6) In general, the Introduction to the work is not adequate. The Introduction should concisely summarize the prior work showing that alpha4-β-δ receptors emerge on dendrites at puberty, and the previous studies, largely from the authors' lab, showing that the presence of the receptors impairs spatial learning during the pubertal period. They should say that the authors have now extended that work to show that the presence of the receptors initiates synaptic pruning which results in lower spine density in CA1 in the post-pubertal period. Puberty, and the post-pubertal period should be defined in the Introduction; it shouldn't wait for the figure legends. One reviewer had to read the paper twice to sort out the story. Some of the senior author's review articles (e.g. Br. Res., 2016) should be cited in the Introduction for context. In the Introduction, the authors state, "An optimal spine density, produced by developmental pruning of unnecessary synapses, may be necessary not only for the ability to form memories but also the ability to re-learn or "update" previously learned information," and cite a modeling study. This role of spine density has not been shown experimentally. The sentence should clearly say that "A modeling study suggests…". Again, in the last paragraph of the Discussion: "Removal of unnecessary spines during adolescence is thought to be necessary for optimal cognitive ability (Meilijson and Ruppin, 1999)”. This reference is a modeling study, with many unsupported assumptions, and is not an adequate reference to establish this statement. Is there an appropriate experimental study?
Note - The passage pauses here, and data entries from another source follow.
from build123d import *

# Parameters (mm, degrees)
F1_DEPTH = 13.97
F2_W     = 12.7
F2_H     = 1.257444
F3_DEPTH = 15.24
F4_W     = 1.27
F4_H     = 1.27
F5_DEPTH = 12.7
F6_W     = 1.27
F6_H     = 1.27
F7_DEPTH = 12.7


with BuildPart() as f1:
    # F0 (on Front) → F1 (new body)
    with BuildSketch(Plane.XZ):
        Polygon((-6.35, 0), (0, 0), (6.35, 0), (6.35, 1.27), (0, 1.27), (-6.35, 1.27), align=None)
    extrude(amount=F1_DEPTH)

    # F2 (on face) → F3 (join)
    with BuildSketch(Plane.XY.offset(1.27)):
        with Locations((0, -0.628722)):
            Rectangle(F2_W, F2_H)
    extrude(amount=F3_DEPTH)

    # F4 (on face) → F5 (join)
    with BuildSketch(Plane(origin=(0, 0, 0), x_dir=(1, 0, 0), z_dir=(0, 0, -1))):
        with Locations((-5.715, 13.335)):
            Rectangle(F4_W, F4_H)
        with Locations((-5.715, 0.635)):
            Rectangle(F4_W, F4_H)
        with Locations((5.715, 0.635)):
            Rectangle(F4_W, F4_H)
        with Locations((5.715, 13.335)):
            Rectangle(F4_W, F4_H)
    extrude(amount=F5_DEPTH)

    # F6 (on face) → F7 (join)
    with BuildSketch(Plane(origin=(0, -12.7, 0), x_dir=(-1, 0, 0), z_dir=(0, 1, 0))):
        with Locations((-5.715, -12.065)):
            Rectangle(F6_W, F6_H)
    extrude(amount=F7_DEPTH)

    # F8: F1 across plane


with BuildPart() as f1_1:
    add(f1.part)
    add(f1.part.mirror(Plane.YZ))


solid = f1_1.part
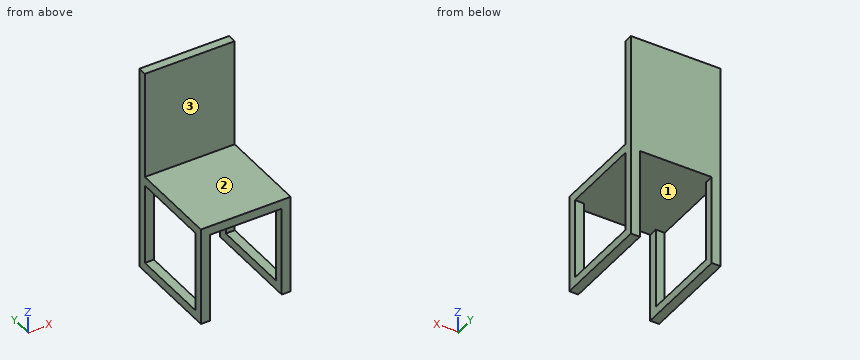
Input: part model. Units: mm. Frame: model coordinates. Face numbers are marked on the shaded views. Coordinates: 2 decimals unless noted, no trailing zeros. Loops run counter-clockwise (first coordinate to the right, second up) from the corner with the lowest first, then second, coordinate; pieces in that order, holes last.
Q1. Cut plane C-C (x = -1.75). Output: boundary loops of the cut face in (y, z), then the cut area to 3 significant figures.
Q2. Cut plane B-B (z = -5). Output: boundary loops of the cut face in (x, y).
Q3. Cut plane D-D (y = -0.75). Output: boundary loops of the cut face in (x, z).
Q4. Draft query along Y for the marked faces 1, 2 and 3. Return one class per face: +Y half, -Y half, draft (parallel to the pull), parting line (faces both ways), or undercut.
Q5. Cut plane A-A (y = -9.25). Output: boundary loops of the cut face in (x, z).
Q6. Material intervals for line 1 (Z direction, x = -5.75, y = -2.25); line 2 (Z direction, x = -2.75, y = -10); line 3 (Y direction, x = -2.75, z = 3.5), sorted ascending.
Q7. Contact query for flat-ended pins moving along their axis: pin 1 (1 mm diameter, centred on x = 6, y = -10, fed in from +Z); pin 2 (2 mm diameter, centred on x = 1, y = -9, fed in from -Z); pin 3 (6.5 mm diameter, centred on x = 2.5, z = 8, fed in from -Y). Output: stop coordinate, or through.
Working result:
1. outline: (-13.97, 0) - (0, 0) - (0, 16.51) - (-1.26, 16.51) - (-1.26, 1.27) - (-13.97, 1.27) - close
1. area: 36.9 mm2
2. outline: (-6.35, -13.97) - (-5.08, -13.97) - (-5.08, -12.7) - (-6.35, -12.7) - close; (-6.35, -1.27) - (-5.08, -1.27) - (-5.08, 0) - (-6.35, 0) - close; (5.08, -13.97) - (6.35, -13.97) - (6.35, -12.7) - (5.08, -12.7) - close; (5.08, -1.27) - (6.35, -1.27) - (6.35, 0) - (5.08, 0) - close
3. outline: (-6.35, -12.7) - (-5.08, -12.7) - (-5.08, 0) - (5.08, 0) - (5.08, -12.7) - (6.35, -12.7) - (6.35, 16.51) - (-6.35, 16.51) - close
4. face 1: undercut
4. face 2: draft
4. face 3: -Y half
5. outline: (-6.35, -12.7) - (-5.08, -12.7) - (-5.08, -11.43) - (-6.35, -11.43) - close; (-6.35, 0) - (6.35, 0) - (6.35, 1.27) - (-6.35, 1.27) - close; (5.08, -12.7) - (6.35, -12.7) - (6.35, -11.43) - (5.08, -11.43) - close
6. line 1: z = -12.7 to -11.43, 0 to 1.27
6. line 2: z = 0 to 1.27
6. line 3: y = -1.26 to 0
7. pin 1: stops at z = 1.27
7. pin 2: stops at z = 0
7. pin 3: stops at y = -1.26

We have re-written the Introduction to include a more detailed description of the previous studies from our lab (Shen et al., 2007; Shen et al., 2010; Shen et al., 2016) and how the present study is an extension of this work. We also define puberty (PND 35-44) and the post-pubertal (PND 56) periods in the Introduction.

We also have re-written the line in the Introduction indicating that a modelling study suggests that a high spine density impairs re-learning. Although many studies report that spine loss is correlated with learning deficits, we were unable to find experimental studies reporting that increases in spine density are correlated with learning deficits. We now point out in the Discussion that our findings, showing learning deficits in animals with greater spine density, may be one of the first experimental demonstrations of what has only been suggested in modelling studies.